Cryptococcal meningitis remains a significant opportunistic infection in HIV-infected individuals worldwide, despite availability of antiretroviral therapies in developed nations. Current therapy with amphotericin B is difficult to administer and only partially effective. Mechanisms of cryptococcal neuropathogenesis are still not clearly defined. In the present study, we used a C57Bl/6 mouse model with intravenous inoculation of three isogenic strains of Cryptococcus neoformans: H99, Cap59, and Pkr1-33. These strains differ in their capsule production and are normocapsular, hypocapsular, and hypercapsular, respectively. We studied the role of capsule in the morbidity and mortality of our host animal.
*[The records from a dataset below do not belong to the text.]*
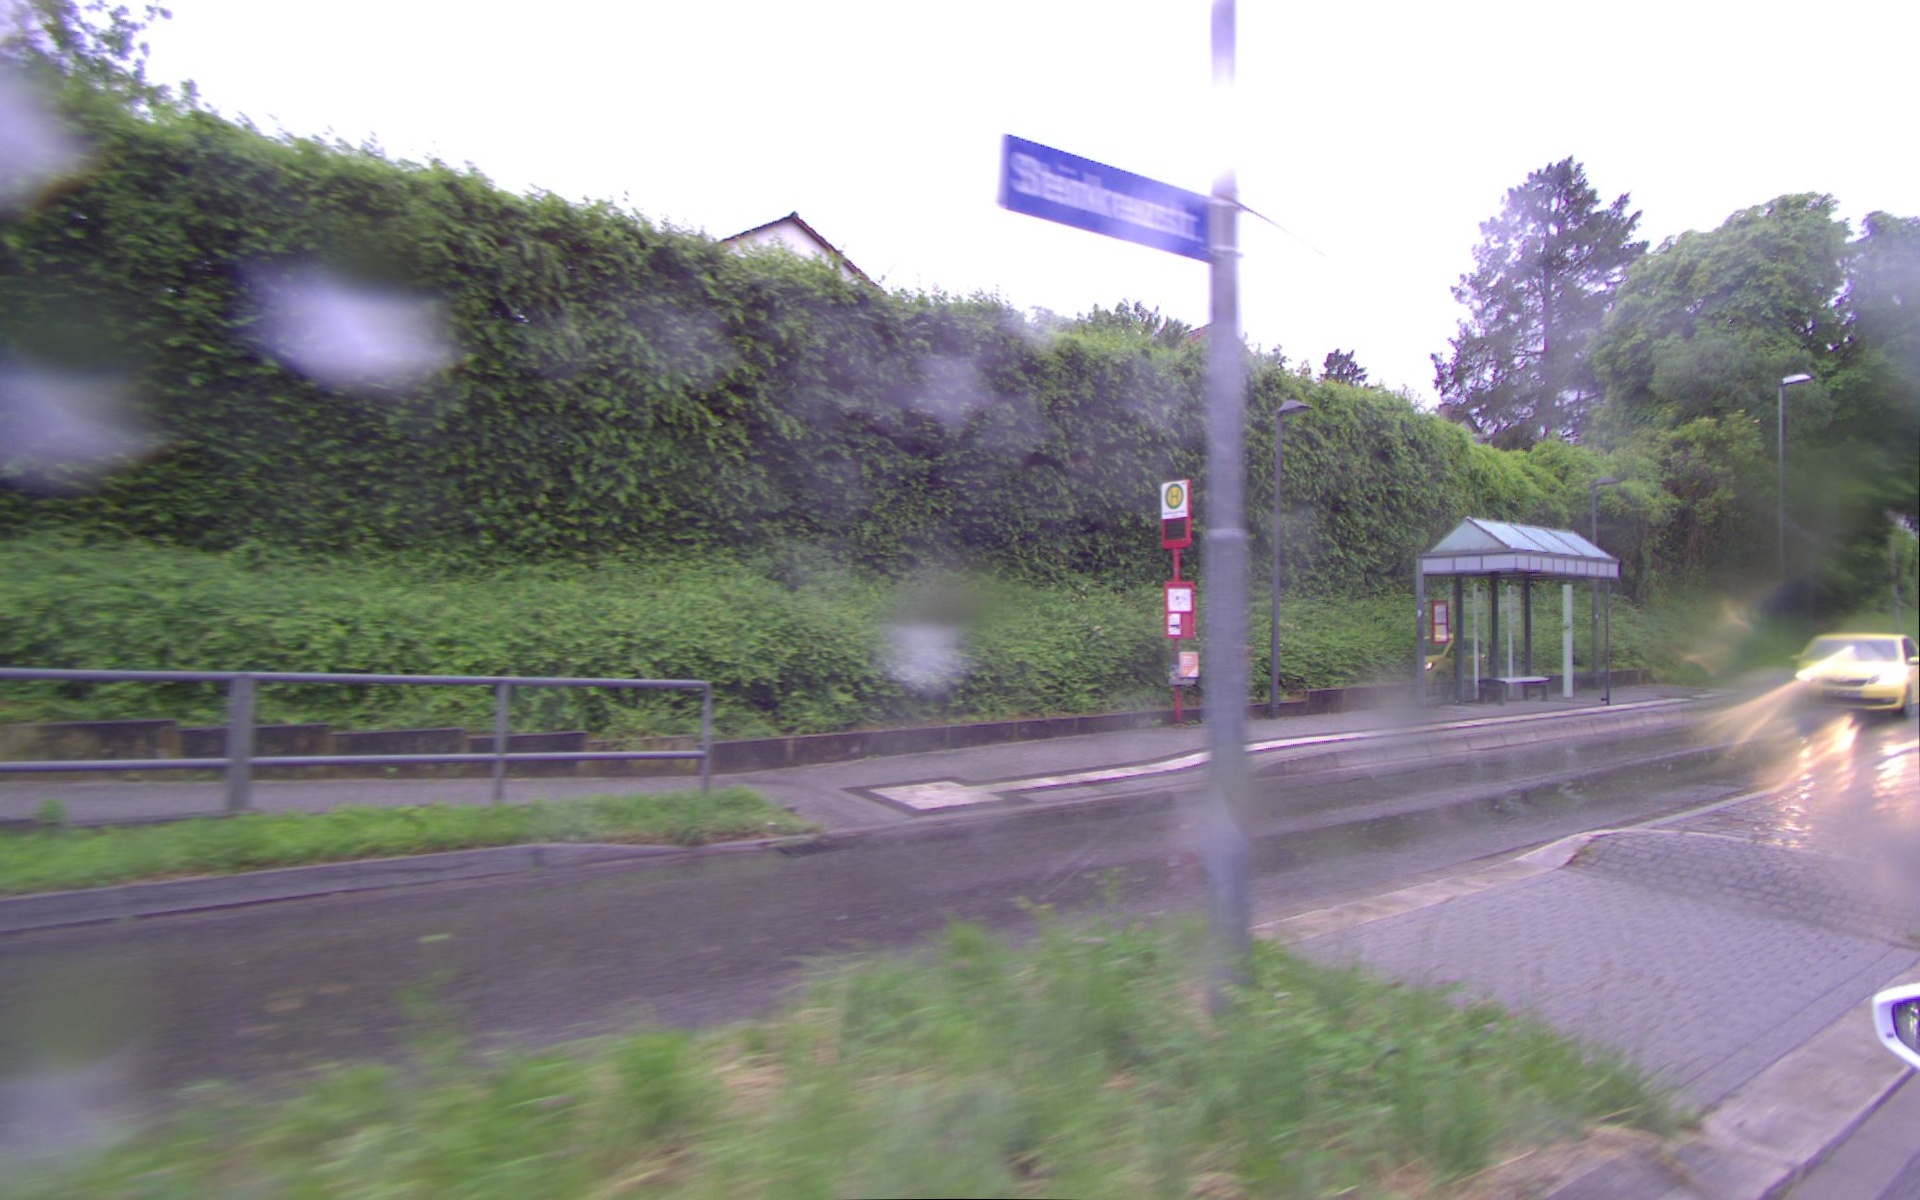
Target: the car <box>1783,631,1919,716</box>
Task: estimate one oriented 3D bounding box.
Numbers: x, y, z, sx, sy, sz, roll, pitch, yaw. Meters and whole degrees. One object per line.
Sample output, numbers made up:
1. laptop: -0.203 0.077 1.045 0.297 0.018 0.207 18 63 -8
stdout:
1. car: 16.852 1.316 18.855 3.446 1.429 1.559 1 -3 -40
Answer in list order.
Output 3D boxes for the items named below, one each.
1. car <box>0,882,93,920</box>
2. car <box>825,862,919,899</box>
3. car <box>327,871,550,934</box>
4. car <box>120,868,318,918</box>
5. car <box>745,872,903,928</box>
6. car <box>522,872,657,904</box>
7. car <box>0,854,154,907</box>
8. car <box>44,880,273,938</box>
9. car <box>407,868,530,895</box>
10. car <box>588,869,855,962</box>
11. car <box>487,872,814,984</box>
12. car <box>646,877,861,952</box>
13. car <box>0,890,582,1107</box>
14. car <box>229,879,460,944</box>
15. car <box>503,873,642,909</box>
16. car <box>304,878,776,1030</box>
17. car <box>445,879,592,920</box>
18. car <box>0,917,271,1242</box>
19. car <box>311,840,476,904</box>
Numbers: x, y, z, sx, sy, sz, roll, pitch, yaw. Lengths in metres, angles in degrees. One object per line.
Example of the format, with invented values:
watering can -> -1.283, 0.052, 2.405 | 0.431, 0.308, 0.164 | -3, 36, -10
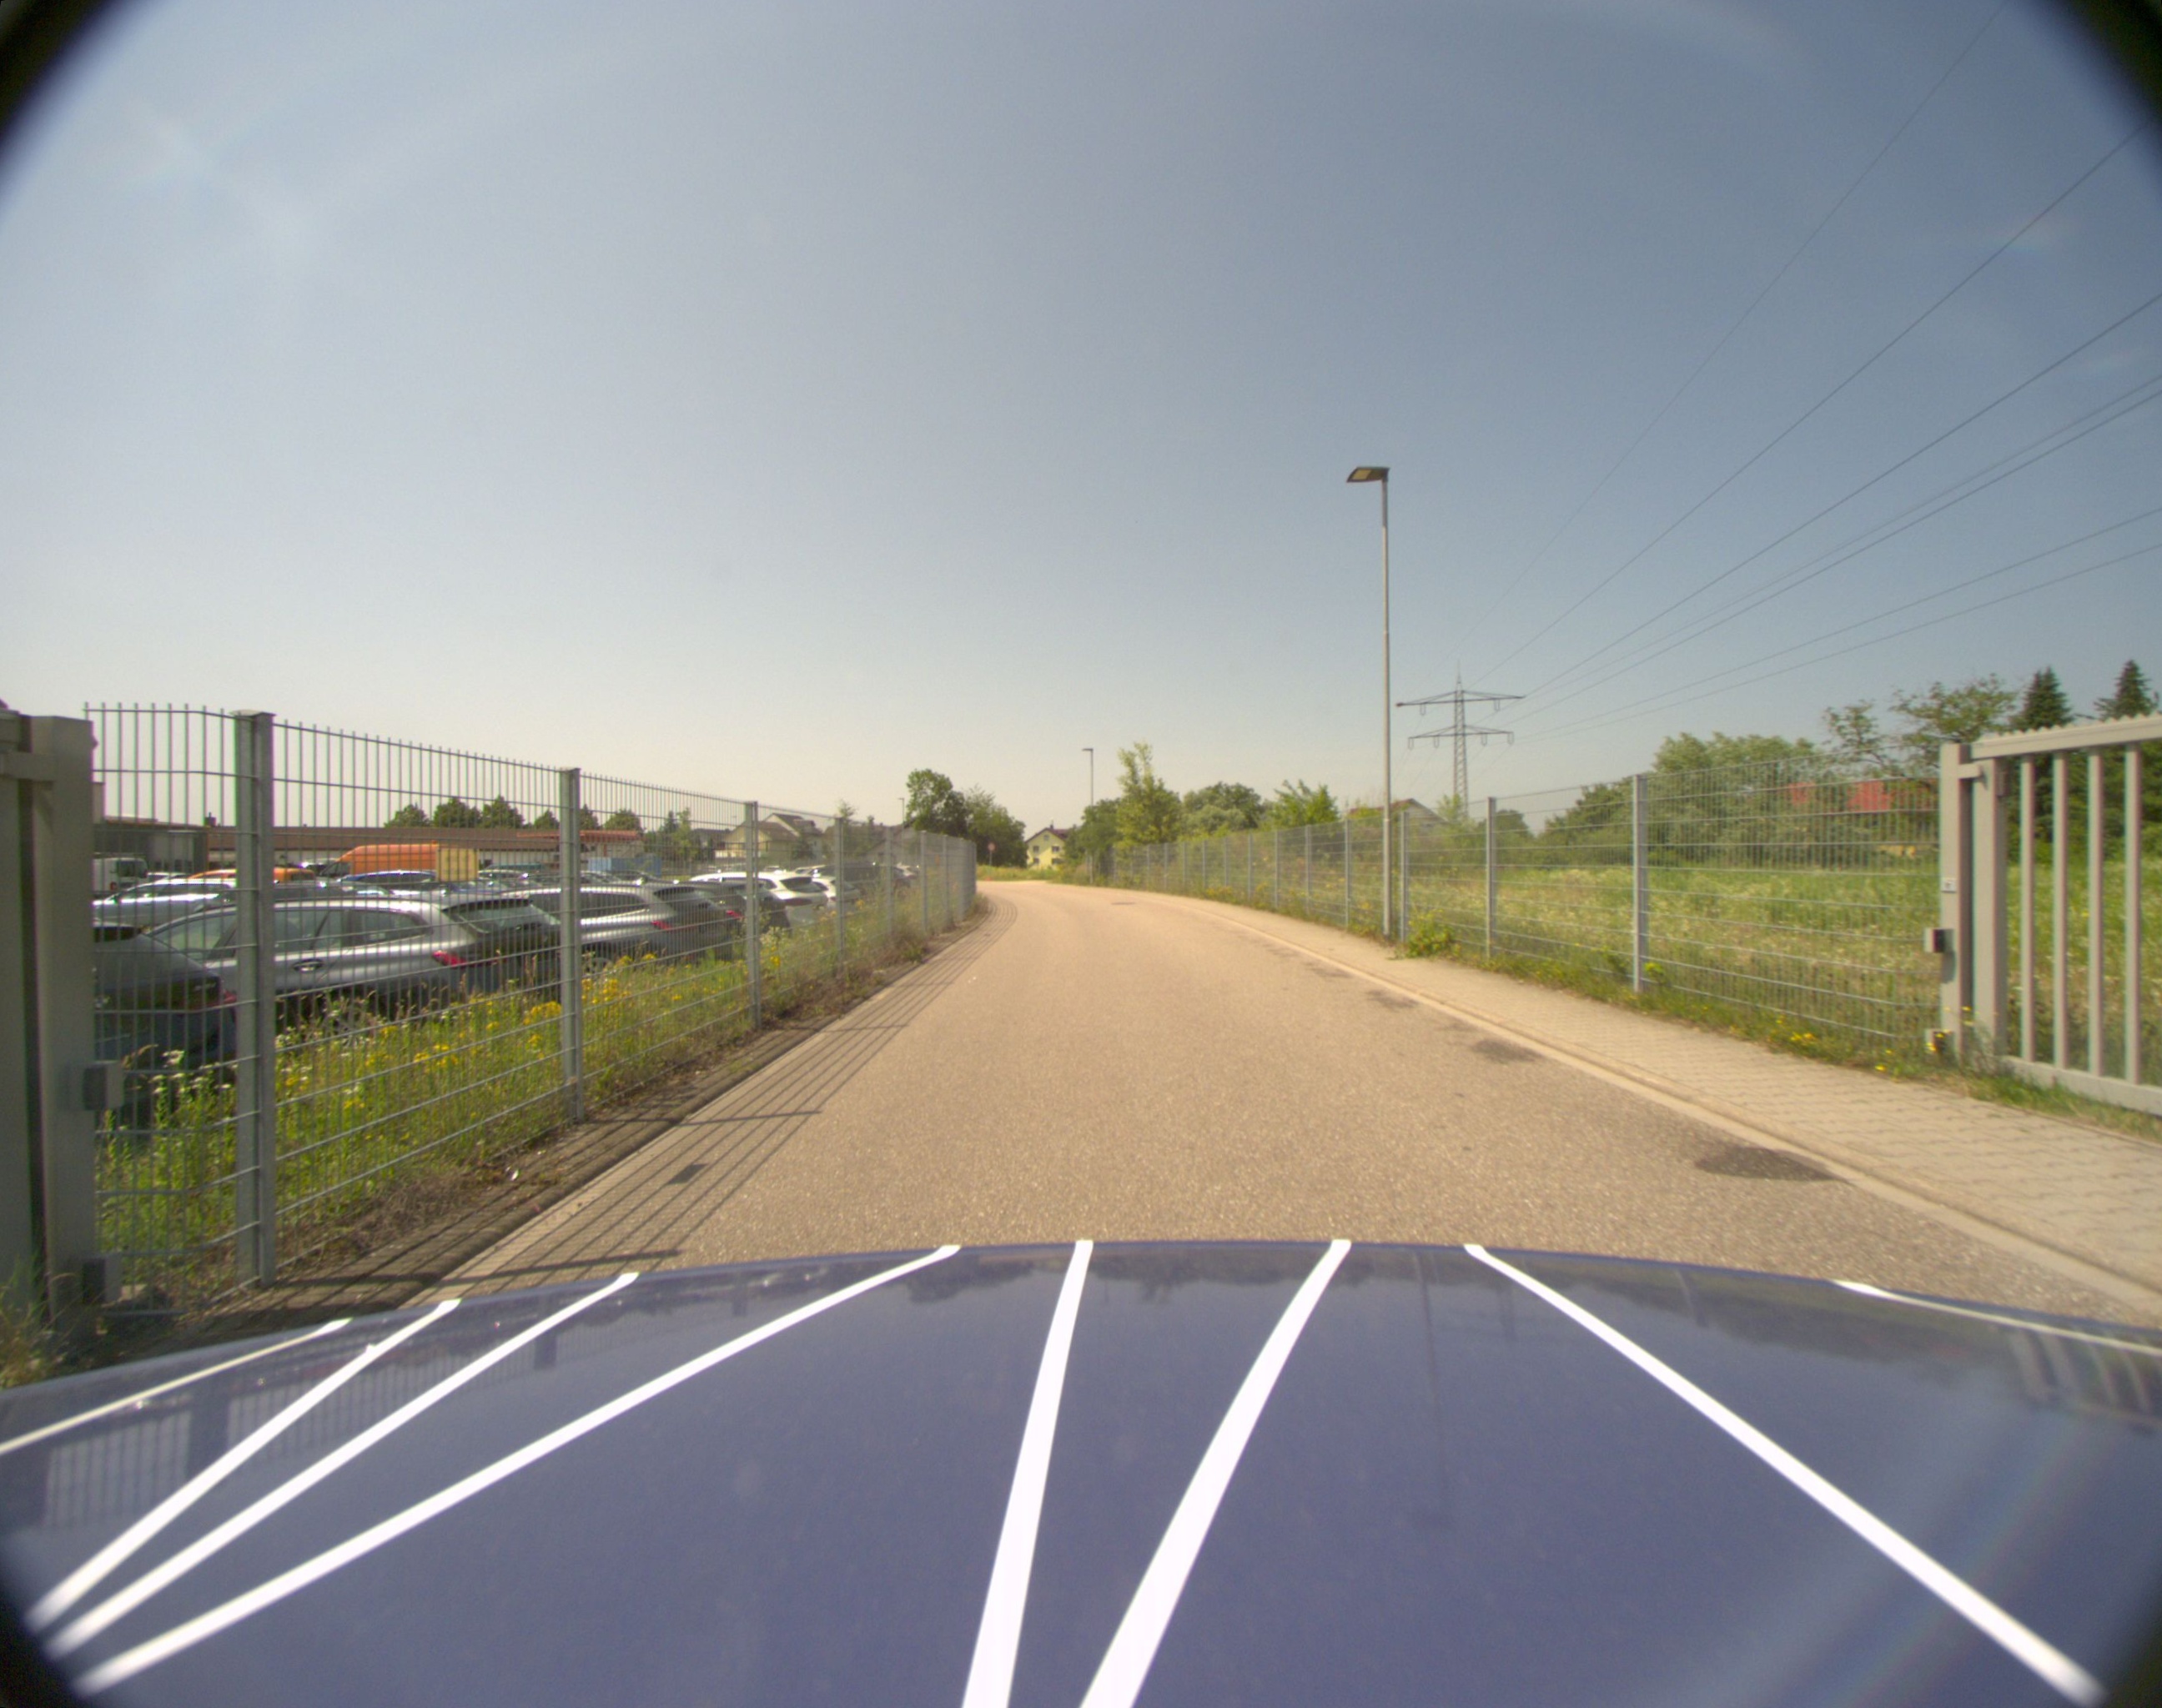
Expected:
car -> -41.562, 1.808, 29.056 | 4.392, 1.369, 1.840 | 0, -1, -15
car -> -9.761, 1.208, 35.590 | 4.138, 1.660, 1.721 | 0, -1, -17
car -> -18.049, 1.318, 21.568 | 4.477, 1.639, 1.876 | 0, -1, -11
car -> -26.703, 1.165, 23.678 | 3.832, 1.453, 1.587 | 0, -1, -15
car -> -7.828, 1.381, 23.481 | 4.292, 1.627, 1.764 | 0, -1, -3
car -> -22.042, 1.507, 34.273 | 4.763, 1.344, 1.819 | 0, -1, -15
car -> -42.508, 1.077, 31.772 | 4.393, 2.159, 1.971 | 0, -1, -18
car -> -25.489, 1.490, 21.146 | 3.832, 1.453, 1.587 | 0, -1, -15
car -> -30.346, 1.352, 37.799 | 4.392, 1.262, 1.819 | 0, -1, -15
car -> -6.816, 1.143, 14.707 | 4.219, 1.398, 1.839 | -4, 1, 4
car -> -6.821, 1.140, 12.347 | 4.219, 1.398, 1.839 | -4, 1, 4
car -> -7.656, 1.397, 18.002 | 4.219, 1.398, 1.839 | -4, 1, 4
car -> -7.228, 1.197, 6.698 | 4.520, 1.398, 1.638 | -4, 1, 2
car -> -17.952, 1.357, 18.725 | 3.775, 1.428, 1.610 | 0, -1, -15
car -> -21.339, 1.536, 32.072 | 4.579, 1.424, 1.660 | 0, -1, -15
car -> -6.527, 1.163, 9.613 | 4.521, 1.398, 1.838 | -3, 1, -2
car -> -19.402, 1.537, 26.365 | 3.775, 1.294, 1.610 | 0, -1, -15
car -> -7.251, 1.223, 3.797 | 4.520, 1.398, 1.767 | -4, 1, 2
car -> -28.707, 0.725, 31.912 | 4.749, 2.569, 1.978 | 0, -1, -15

Surprisingly, we found that the hypercapsular strain was least virulent while the strains that produced less capsule were more virulent and had higher concentrations of organism in the brain. These results suggest that neurovirulence is related to total capsule volume and rate of capsule accumulation in the brain, rather than the amount of capsule produced per organism. Therapies which decrease central nervous system dissemination and inhibit replication rates in the brain may be more effective than therapies which target capsule production.